Task requirements:
Scan the entries that follow and work out how many lines contain "tick". Give the number and nothing else.

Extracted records
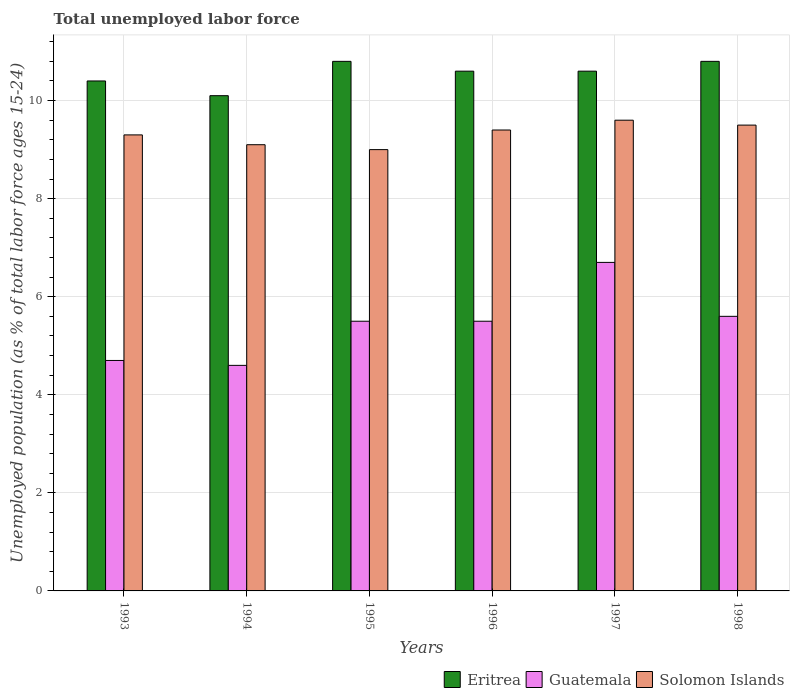How many different coloured bars are there?
Your answer should be compact. 3. How many groups of bars are there?
Make the answer very short. 6. Are the number of bars per tick equal to the number of legend labels?
Offer a terse response. Yes. Are the number of bars on each tick of the X-axis equal?
Provide a succinct answer. Yes. What is the label of the 3rd group of bars from the left?
Your response must be concise. 1995. What is the percentage of unemployed population in in Guatemala in 1996?
Give a very brief answer. 5.5. Across all years, what is the maximum percentage of unemployed population in in Eritrea?
Make the answer very short. 10.8. Across all years, what is the minimum percentage of unemployed population in in Solomon Islands?
Ensure brevity in your answer.  9. In which year was the percentage of unemployed population in in Guatemala maximum?
Your answer should be very brief. 1997. In which year was the percentage of unemployed population in in Eritrea minimum?
Offer a terse response. 1994. What is the total percentage of unemployed population in in Eritrea in the graph?
Make the answer very short. 63.3. What is the difference between the percentage of unemployed population in in Eritrea in 1993 and that in 1996?
Your response must be concise. -0.2. What is the difference between the percentage of unemployed population in in Eritrea in 1997 and the percentage of unemployed population in in Solomon Islands in 1994?
Offer a terse response. 1.5. What is the average percentage of unemployed population in in Eritrea per year?
Provide a succinct answer. 10.55. In the year 1995, what is the difference between the percentage of unemployed population in in Guatemala and percentage of unemployed population in in Eritrea?
Your answer should be compact. -5.3. In how many years, is the percentage of unemployed population in in Solomon Islands greater than 6.8 %?
Offer a terse response. 6. What is the ratio of the percentage of unemployed population in in Guatemala in 1993 to that in 1995?
Your answer should be compact. 0.85. Is the percentage of unemployed population in in Solomon Islands in 1996 less than that in 1997?
Your response must be concise. Yes. Is the difference between the percentage of unemployed population in in Guatemala in 1994 and 1997 greater than the difference between the percentage of unemployed population in in Eritrea in 1994 and 1997?
Provide a short and direct response. No. What is the difference between the highest and the second highest percentage of unemployed population in in Solomon Islands?
Keep it short and to the point. 0.1. What is the difference between the highest and the lowest percentage of unemployed population in in Solomon Islands?
Offer a terse response. 0.6. In how many years, is the percentage of unemployed population in in Solomon Islands greater than the average percentage of unemployed population in in Solomon Islands taken over all years?
Your answer should be very brief. 3. Is the sum of the percentage of unemployed population in in Solomon Islands in 1996 and 1997 greater than the maximum percentage of unemployed population in in Guatemala across all years?
Your response must be concise. Yes. What does the 3rd bar from the left in 1993 represents?
Your response must be concise. Solomon Islands. What does the 2nd bar from the right in 1998 represents?
Offer a very short reply. Guatemala. How many bars are there?
Provide a succinct answer. 18. How many years are there in the graph?
Make the answer very short. 6. Does the graph contain any zero values?
Your response must be concise. No. Does the graph contain grids?
Provide a short and direct response. Yes. How many legend labels are there?
Offer a terse response. 3. What is the title of the graph?
Offer a very short reply. Total unemployed labor force. What is the label or title of the Y-axis?
Ensure brevity in your answer.  Unemployed population (as % of total labor force ages 15-24). What is the Unemployed population (as % of total labor force ages 15-24) in Eritrea in 1993?
Provide a succinct answer. 10.4. What is the Unemployed population (as % of total labor force ages 15-24) of Guatemala in 1993?
Your answer should be compact. 4.7. What is the Unemployed population (as % of total labor force ages 15-24) of Solomon Islands in 1993?
Provide a short and direct response. 9.3. What is the Unemployed population (as % of total labor force ages 15-24) in Eritrea in 1994?
Give a very brief answer. 10.1. What is the Unemployed population (as % of total labor force ages 15-24) in Guatemala in 1994?
Provide a succinct answer. 4.6. What is the Unemployed population (as % of total labor force ages 15-24) in Solomon Islands in 1994?
Provide a succinct answer. 9.1. What is the Unemployed population (as % of total labor force ages 15-24) of Eritrea in 1995?
Give a very brief answer. 10.8. What is the Unemployed population (as % of total labor force ages 15-24) of Eritrea in 1996?
Make the answer very short. 10.6. What is the Unemployed population (as % of total labor force ages 15-24) in Solomon Islands in 1996?
Keep it short and to the point. 9.4. What is the Unemployed population (as % of total labor force ages 15-24) in Eritrea in 1997?
Keep it short and to the point. 10.6. What is the Unemployed population (as % of total labor force ages 15-24) of Guatemala in 1997?
Your response must be concise. 6.7. What is the Unemployed population (as % of total labor force ages 15-24) in Solomon Islands in 1997?
Ensure brevity in your answer.  9.6. What is the Unemployed population (as % of total labor force ages 15-24) in Eritrea in 1998?
Make the answer very short. 10.8. What is the Unemployed population (as % of total labor force ages 15-24) of Guatemala in 1998?
Your answer should be compact. 5.6. What is the Unemployed population (as % of total labor force ages 15-24) of Solomon Islands in 1998?
Provide a succinct answer. 9.5. Across all years, what is the maximum Unemployed population (as % of total labor force ages 15-24) of Eritrea?
Keep it short and to the point. 10.8. Across all years, what is the maximum Unemployed population (as % of total labor force ages 15-24) in Guatemala?
Your response must be concise. 6.7. Across all years, what is the maximum Unemployed population (as % of total labor force ages 15-24) of Solomon Islands?
Offer a very short reply. 9.6. Across all years, what is the minimum Unemployed population (as % of total labor force ages 15-24) in Eritrea?
Your response must be concise. 10.1. Across all years, what is the minimum Unemployed population (as % of total labor force ages 15-24) of Guatemala?
Make the answer very short. 4.6. What is the total Unemployed population (as % of total labor force ages 15-24) in Eritrea in the graph?
Give a very brief answer. 63.3. What is the total Unemployed population (as % of total labor force ages 15-24) in Guatemala in the graph?
Your response must be concise. 32.6. What is the total Unemployed population (as % of total labor force ages 15-24) of Solomon Islands in the graph?
Your answer should be compact. 55.9. What is the difference between the Unemployed population (as % of total labor force ages 15-24) of Guatemala in 1993 and that in 1994?
Make the answer very short. 0.1. What is the difference between the Unemployed population (as % of total labor force ages 15-24) in Solomon Islands in 1993 and that in 1995?
Make the answer very short. 0.3. What is the difference between the Unemployed population (as % of total labor force ages 15-24) in Eritrea in 1993 and that in 1996?
Offer a terse response. -0.2. What is the difference between the Unemployed population (as % of total labor force ages 15-24) in Solomon Islands in 1993 and that in 1996?
Provide a short and direct response. -0.1. What is the difference between the Unemployed population (as % of total labor force ages 15-24) of Solomon Islands in 1993 and that in 1997?
Ensure brevity in your answer.  -0.3. What is the difference between the Unemployed population (as % of total labor force ages 15-24) of Eritrea in 1993 and that in 1998?
Offer a very short reply. -0.4. What is the difference between the Unemployed population (as % of total labor force ages 15-24) of Guatemala in 1993 and that in 1998?
Your answer should be compact. -0.9. What is the difference between the Unemployed population (as % of total labor force ages 15-24) in Solomon Islands in 1993 and that in 1998?
Ensure brevity in your answer.  -0.2. What is the difference between the Unemployed population (as % of total labor force ages 15-24) of Solomon Islands in 1994 and that in 1995?
Provide a succinct answer. 0.1. What is the difference between the Unemployed population (as % of total labor force ages 15-24) of Guatemala in 1994 and that in 1996?
Keep it short and to the point. -0.9. What is the difference between the Unemployed population (as % of total labor force ages 15-24) of Eritrea in 1994 and that in 1997?
Your answer should be very brief. -0.5. What is the difference between the Unemployed population (as % of total labor force ages 15-24) in Solomon Islands in 1994 and that in 1997?
Ensure brevity in your answer.  -0.5. What is the difference between the Unemployed population (as % of total labor force ages 15-24) of Solomon Islands in 1994 and that in 1998?
Make the answer very short. -0.4. What is the difference between the Unemployed population (as % of total labor force ages 15-24) in Eritrea in 1995 and that in 1996?
Give a very brief answer. 0.2. What is the difference between the Unemployed population (as % of total labor force ages 15-24) in Guatemala in 1995 and that in 1998?
Keep it short and to the point. -0.1. What is the difference between the Unemployed population (as % of total labor force ages 15-24) of Guatemala in 1996 and that in 1997?
Give a very brief answer. -1.2. What is the difference between the Unemployed population (as % of total labor force ages 15-24) of Solomon Islands in 1996 and that in 1997?
Make the answer very short. -0.2. What is the difference between the Unemployed population (as % of total labor force ages 15-24) in Eritrea in 1996 and that in 1998?
Keep it short and to the point. -0.2. What is the difference between the Unemployed population (as % of total labor force ages 15-24) in Guatemala in 1996 and that in 1998?
Keep it short and to the point. -0.1. What is the difference between the Unemployed population (as % of total labor force ages 15-24) in Solomon Islands in 1996 and that in 1998?
Make the answer very short. -0.1. What is the difference between the Unemployed population (as % of total labor force ages 15-24) of Eritrea in 1997 and that in 1998?
Offer a very short reply. -0.2. What is the difference between the Unemployed population (as % of total labor force ages 15-24) in Eritrea in 1993 and the Unemployed population (as % of total labor force ages 15-24) in Guatemala in 1994?
Keep it short and to the point. 5.8. What is the difference between the Unemployed population (as % of total labor force ages 15-24) of Eritrea in 1993 and the Unemployed population (as % of total labor force ages 15-24) of Solomon Islands in 1994?
Offer a terse response. 1.3. What is the difference between the Unemployed population (as % of total labor force ages 15-24) in Eritrea in 1993 and the Unemployed population (as % of total labor force ages 15-24) in Guatemala in 1996?
Make the answer very short. 4.9. What is the difference between the Unemployed population (as % of total labor force ages 15-24) in Eritrea in 1993 and the Unemployed population (as % of total labor force ages 15-24) in Guatemala in 1997?
Ensure brevity in your answer.  3.7. What is the difference between the Unemployed population (as % of total labor force ages 15-24) of Eritrea in 1993 and the Unemployed population (as % of total labor force ages 15-24) of Guatemala in 1998?
Give a very brief answer. 4.8. What is the difference between the Unemployed population (as % of total labor force ages 15-24) in Eritrea in 1994 and the Unemployed population (as % of total labor force ages 15-24) in Solomon Islands in 1995?
Offer a terse response. 1.1. What is the difference between the Unemployed population (as % of total labor force ages 15-24) of Eritrea in 1994 and the Unemployed population (as % of total labor force ages 15-24) of Guatemala in 1996?
Your answer should be very brief. 4.6. What is the difference between the Unemployed population (as % of total labor force ages 15-24) in Eritrea in 1994 and the Unemployed population (as % of total labor force ages 15-24) in Solomon Islands in 1996?
Offer a very short reply. 0.7. What is the difference between the Unemployed population (as % of total labor force ages 15-24) of Eritrea in 1994 and the Unemployed population (as % of total labor force ages 15-24) of Guatemala in 1997?
Keep it short and to the point. 3.4. What is the difference between the Unemployed population (as % of total labor force ages 15-24) of Eritrea in 1995 and the Unemployed population (as % of total labor force ages 15-24) of Guatemala in 1997?
Your response must be concise. 4.1. What is the difference between the Unemployed population (as % of total labor force ages 15-24) of Eritrea in 1995 and the Unemployed population (as % of total labor force ages 15-24) of Solomon Islands in 1997?
Your response must be concise. 1.2. What is the difference between the Unemployed population (as % of total labor force ages 15-24) in Eritrea in 1996 and the Unemployed population (as % of total labor force ages 15-24) in Solomon Islands in 1997?
Offer a very short reply. 1. What is the difference between the Unemployed population (as % of total labor force ages 15-24) of Guatemala in 1996 and the Unemployed population (as % of total labor force ages 15-24) of Solomon Islands in 1997?
Offer a terse response. -4.1. What is the difference between the Unemployed population (as % of total labor force ages 15-24) in Eritrea in 1996 and the Unemployed population (as % of total labor force ages 15-24) in Guatemala in 1998?
Give a very brief answer. 5. What is the difference between the Unemployed population (as % of total labor force ages 15-24) in Eritrea in 1996 and the Unemployed population (as % of total labor force ages 15-24) in Solomon Islands in 1998?
Offer a terse response. 1.1. What is the difference between the Unemployed population (as % of total labor force ages 15-24) in Eritrea in 1997 and the Unemployed population (as % of total labor force ages 15-24) in Guatemala in 1998?
Your answer should be very brief. 5. What is the difference between the Unemployed population (as % of total labor force ages 15-24) in Guatemala in 1997 and the Unemployed population (as % of total labor force ages 15-24) in Solomon Islands in 1998?
Your response must be concise. -2.8. What is the average Unemployed population (as % of total labor force ages 15-24) of Eritrea per year?
Ensure brevity in your answer.  10.55. What is the average Unemployed population (as % of total labor force ages 15-24) of Guatemala per year?
Make the answer very short. 5.43. What is the average Unemployed population (as % of total labor force ages 15-24) of Solomon Islands per year?
Provide a succinct answer. 9.32. In the year 1993, what is the difference between the Unemployed population (as % of total labor force ages 15-24) in Eritrea and Unemployed population (as % of total labor force ages 15-24) in Guatemala?
Your answer should be compact. 5.7. In the year 1993, what is the difference between the Unemployed population (as % of total labor force ages 15-24) in Guatemala and Unemployed population (as % of total labor force ages 15-24) in Solomon Islands?
Keep it short and to the point. -4.6. In the year 1994, what is the difference between the Unemployed population (as % of total labor force ages 15-24) in Eritrea and Unemployed population (as % of total labor force ages 15-24) in Solomon Islands?
Offer a terse response. 1. In the year 1994, what is the difference between the Unemployed population (as % of total labor force ages 15-24) of Guatemala and Unemployed population (as % of total labor force ages 15-24) of Solomon Islands?
Your response must be concise. -4.5. In the year 1995, what is the difference between the Unemployed population (as % of total labor force ages 15-24) of Eritrea and Unemployed population (as % of total labor force ages 15-24) of Solomon Islands?
Make the answer very short. 1.8. In the year 1995, what is the difference between the Unemployed population (as % of total labor force ages 15-24) of Guatemala and Unemployed population (as % of total labor force ages 15-24) of Solomon Islands?
Ensure brevity in your answer.  -3.5. In the year 1996, what is the difference between the Unemployed population (as % of total labor force ages 15-24) of Eritrea and Unemployed population (as % of total labor force ages 15-24) of Solomon Islands?
Provide a short and direct response. 1.2. In the year 1996, what is the difference between the Unemployed population (as % of total labor force ages 15-24) of Guatemala and Unemployed population (as % of total labor force ages 15-24) of Solomon Islands?
Provide a short and direct response. -3.9. In the year 1997, what is the difference between the Unemployed population (as % of total labor force ages 15-24) of Eritrea and Unemployed population (as % of total labor force ages 15-24) of Solomon Islands?
Provide a short and direct response. 1. In the year 1998, what is the difference between the Unemployed population (as % of total labor force ages 15-24) of Eritrea and Unemployed population (as % of total labor force ages 15-24) of Guatemala?
Your response must be concise. 5.2. In the year 1998, what is the difference between the Unemployed population (as % of total labor force ages 15-24) in Guatemala and Unemployed population (as % of total labor force ages 15-24) in Solomon Islands?
Provide a succinct answer. -3.9. What is the ratio of the Unemployed population (as % of total labor force ages 15-24) of Eritrea in 1993 to that in 1994?
Your answer should be very brief. 1.03. What is the ratio of the Unemployed population (as % of total labor force ages 15-24) of Guatemala in 1993 to that in 1994?
Your response must be concise. 1.02. What is the ratio of the Unemployed population (as % of total labor force ages 15-24) in Solomon Islands in 1993 to that in 1994?
Make the answer very short. 1.02. What is the ratio of the Unemployed population (as % of total labor force ages 15-24) of Guatemala in 1993 to that in 1995?
Your response must be concise. 0.85. What is the ratio of the Unemployed population (as % of total labor force ages 15-24) of Eritrea in 1993 to that in 1996?
Keep it short and to the point. 0.98. What is the ratio of the Unemployed population (as % of total labor force ages 15-24) in Guatemala in 1993 to that in 1996?
Your answer should be very brief. 0.85. What is the ratio of the Unemployed population (as % of total labor force ages 15-24) in Eritrea in 1993 to that in 1997?
Offer a very short reply. 0.98. What is the ratio of the Unemployed population (as % of total labor force ages 15-24) of Guatemala in 1993 to that in 1997?
Offer a very short reply. 0.7. What is the ratio of the Unemployed population (as % of total labor force ages 15-24) in Solomon Islands in 1993 to that in 1997?
Provide a succinct answer. 0.97. What is the ratio of the Unemployed population (as % of total labor force ages 15-24) in Guatemala in 1993 to that in 1998?
Keep it short and to the point. 0.84. What is the ratio of the Unemployed population (as % of total labor force ages 15-24) in Solomon Islands in 1993 to that in 1998?
Your response must be concise. 0.98. What is the ratio of the Unemployed population (as % of total labor force ages 15-24) of Eritrea in 1994 to that in 1995?
Your answer should be compact. 0.94. What is the ratio of the Unemployed population (as % of total labor force ages 15-24) of Guatemala in 1994 to that in 1995?
Offer a very short reply. 0.84. What is the ratio of the Unemployed population (as % of total labor force ages 15-24) of Solomon Islands in 1994 to that in 1995?
Offer a terse response. 1.01. What is the ratio of the Unemployed population (as % of total labor force ages 15-24) in Eritrea in 1994 to that in 1996?
Provide a short and direct response. 0.95. What is the ratio of the Unemployed population (as % of total labor force ages 15-24) of Guatemala in 1994 to that in 1996?
Keep it short and to the point. 0.84. What is the ratio of the Unemployed population (as % of total labor force ages 15-24) of Solomon Islands in 1994 to that in 1996?
Your answer should be very brief. 0.97. What is the ratio of the Unemployed population (as % of total labor force ages 15-24) of Eritrea in 1994 to that in 1997?
Your answer should be very brief. 0.95. What is the ratio of the Unemployed population (as % of total labor force ages 15-24) in Guatemala in 1994 to that in 1997?
Provide a succinct answer. 0.69. What is the ratio of the Unemployed population (as % of total labor force ages 15-24) in Solomon Islands in 1994 to that in 1997?
Make the answer very short. 0.95. What is the ratio of the Unemployed population (as % of total labor force ages 15-24) of Eritrea in 1994 to that in 1998?
Provide a succinct answer. 0.94. What is the ratio of the Unemployed population (as % of total labor force ages 15-24) of Guatemala in 1994 to that in 1998?
Make the answer very short. 0.82. What is the ratio of the Unemployed population (as % of total labor force ages 15-24) of Solomon Islands in 1994 to that in 1998?
Your response must be concise. 0.96. What is the ratio of the Unemployed population (as % of total labor force ages 15-24) in Eritrea in 1995 to that in 1996?
Your answer should be very brief. 1.02. What is the ratio of the Unemployed population (as % of total labor force ages 15-24) of Solomon Islands in 1995 to that in 1996?
Provide a short and direct response. 0.96. What is the ratio of the Unemployed population (as % of total labor force ages 15-24) of Eritrea in 1995 to that in 1997?
Offer a terse response. 1.02. What is the ratio of the Unemployed population (as % of total labor force ages 15-24) in Guatemala in 1995 to that in 1997?
Provide a succinct answer. 0.82. What is the ratio of the Unemployed population (as % of total labor force ages 15-24) of Solomon Islands in 1995 to that in 1997?
Your answer should be compact. 0.94. What is the ratio of the Unemployed population (as % of total labor force ages 15-24) of Guatemala in 1995 to that in 1998?
Keep it short and to the point. 0.98. What is the ratio of the Unemployed population (as % of total labor force ages 15-24) of Solomon Islands in 1995 to that in 1998?
Provide a short and direct response. 0.95. What is the ratio of the Unemployed population (as % of total labor force ages 15-24) in Guatemala in 1996 to that in 1997?
Ensure brevity in your answer.  0.82. What is the ratio of the Unemployed population (as % of total labor force ages 15-24) in Solomon Islands in 1996 to that in 1997?
Ensure brevity in your answer.  0.98. What is the ratio of the Unemployed population (as % of total labor force ages 15-24) of Eritrea in 1996 to that in 1998?
Provide a short and direct response. 0.98. What is the ratio of the Unemployed population (as % of total labor force ages 15-24) in Guatemala in 1996 to that in 1998?
Ensure brevity in your answer.  0.98. What is the ratio of the Unemployed population (as % of total labor force ages 15-24) in Eritrea in 1997 to that in 1998?
Ensure brevity in your answer.  0.98. What is the ratio of the Unemployed population (as % of total labor force ages 15-24) in Guatemala in 1997 to that in 1998?
Offer a terse response. 1.2. What is the ratio of the Unemployed population (as % of total labor force ages 15-24) of Solomon Islands in 1997 to that in 1998?
Make the answer very short. 1.01. What is the difference between the highest and the second highest Unemployed population (as % of total labor force ages 15-24) in Eritrea?
Offer a terse response. 0. What is the difference between the highest and the second highest Unemployed population (as % of total labor force ages 15-24) of Guatemala?
Your answer should be very brief. 1.1. What is the difference between the highest and the second highest Unemployed population (as % of total labor force ages 15-24) of Solomon Islands?
Ensure brevity in your answer.  0.1. What is the difference between the highest and the lowest Unemployed population (as % of total labor force ages 15-24) in Eritrea?
Make the answer very short. 0.7. What is the difference between the highest and the lowest Unemployed population (as % of total labor force ages 15-24) of Guatemala?
Offer a terse response. 2.1. What is the difference between the highest and the lowest Unemployed population (as % of total labor force ages 15-24) of Solomon Islands?
Your answer should be compact. 0.6.

Expected answer:
2